There are a number of trends that will still offer no explanation — in particular, those that are led with a hashtag, like today’s #IJustDontBelieve, where users are tweeting about what they don’t believe by filling in the rest of the tweet with their own opinions. The long hashtag #BTS2ndNo1ONHot100, which is driven by fans of the KPop group, BTS, is also left unannotated. For newcomers unfamiliar with how BTS fans heavily use Twitter or the popularity of Twitter’s fill-the-blank memes, these sorts of trends could be confusing.
In other cases where a trend is unannotated, Twitter lets a news headline do the work of adding context.
Often, several of the top trends will be focused on news items of the day. But instead of a summary and headline provided by Twitter, you’ll find a representative news headline link listed alongside the trend instead.
“Proud Boys,” for example, is the No. 17 trend in the U.S. as of the time of writing. But Twitter only links to an article on the site Daily Beast that references a violent clash between the far-right Proud Boys and protestors. It doesn’t tackle trying to explain why this particular article, detailing one of now many incidents of violence across the U.S., is trending. Users, presumably, are meant to infer that the article itself is getting a lot of attention. But in reality, Twitter users are tweeting a variety of content under the “Proud Boys” trend, including their own videos of violent attacks and standoffs.
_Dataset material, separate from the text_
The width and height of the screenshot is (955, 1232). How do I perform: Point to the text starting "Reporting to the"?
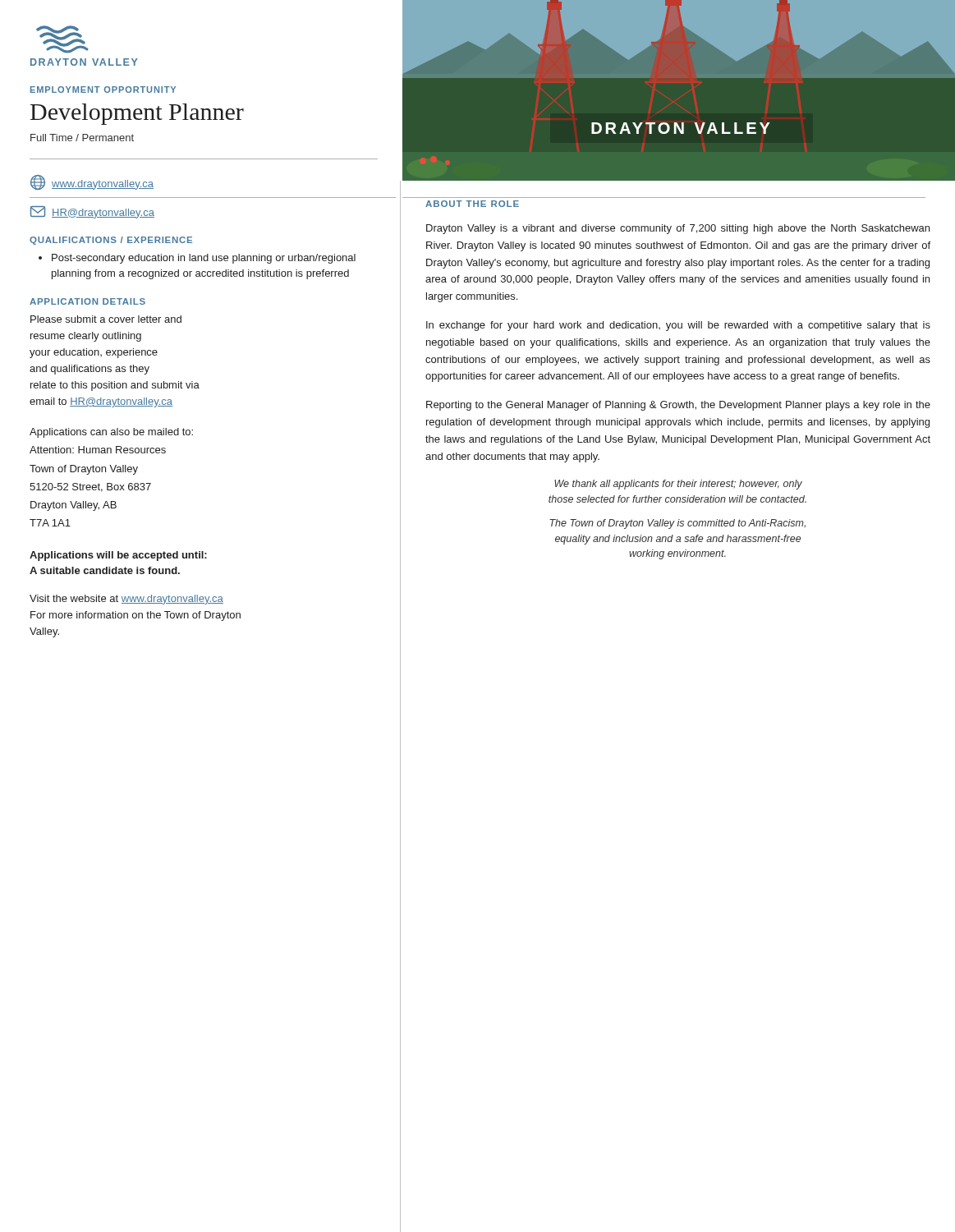click(678, 430)
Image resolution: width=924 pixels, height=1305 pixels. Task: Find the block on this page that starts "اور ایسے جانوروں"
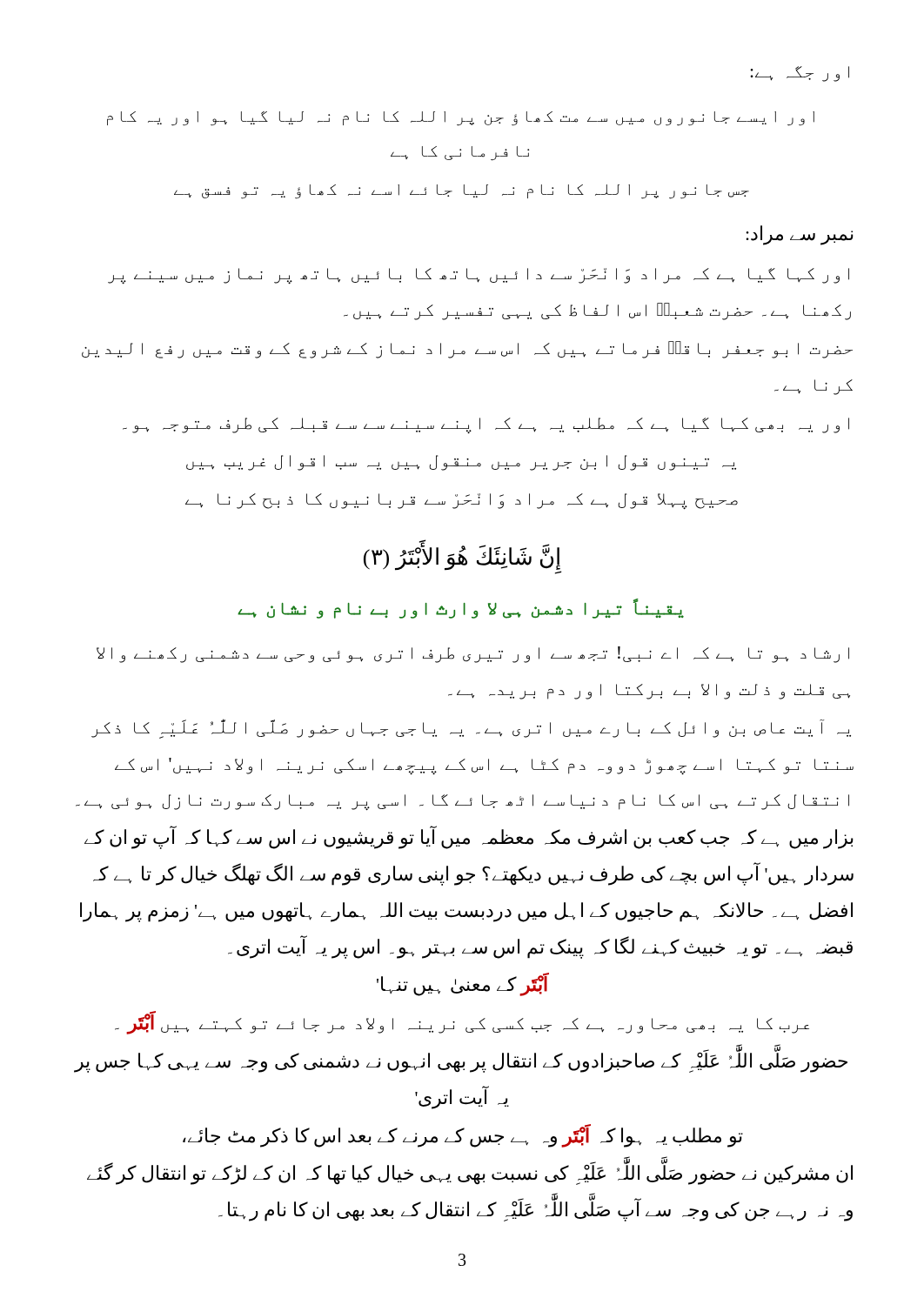coord(462,133)
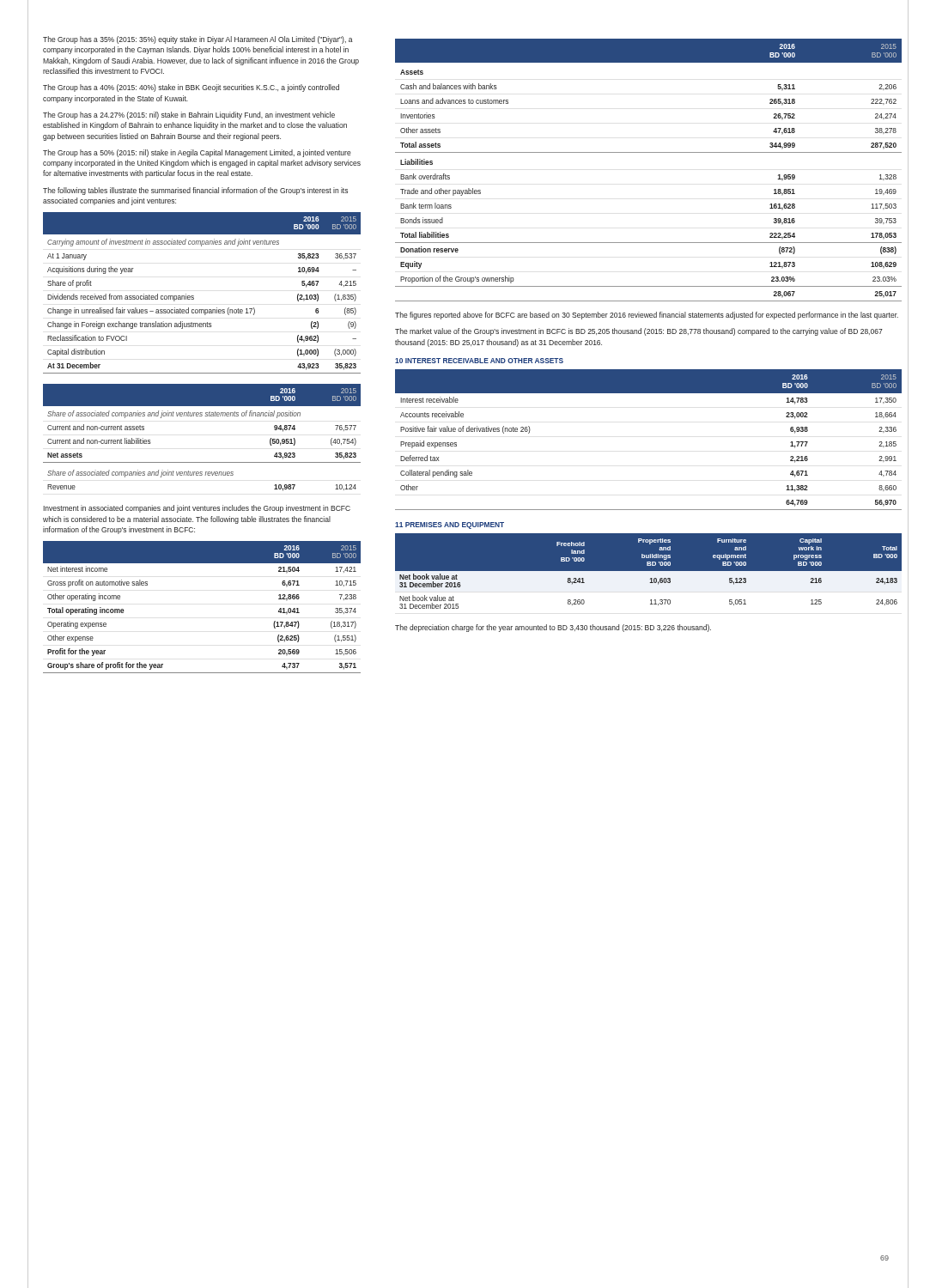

In this way, Twitter is doing a disservice by pointing only to a single news article when people aren’t necessarily talking about the article itself — they’re sharing direct footage of what they witnessed or their opinions about the increasing violence in general.
Twitter, meanwhile, has put its curation team to work to summarize less important news, like a trend about Harry Styles’ new look.
Currently, Twitter’s Trending section in the U.S. features a list of 29 trends, but only around a half dozen have a headline or description written by Twitter, at the moment.
Twitter had said when announcing the changes last week that the descriptions written by its curation team aim to provide straightforward, clearly sourced context around why something is trending on “some” tweets.
What’s not been clear, however, is how Twitter has been picking and choosing which trends to annotate.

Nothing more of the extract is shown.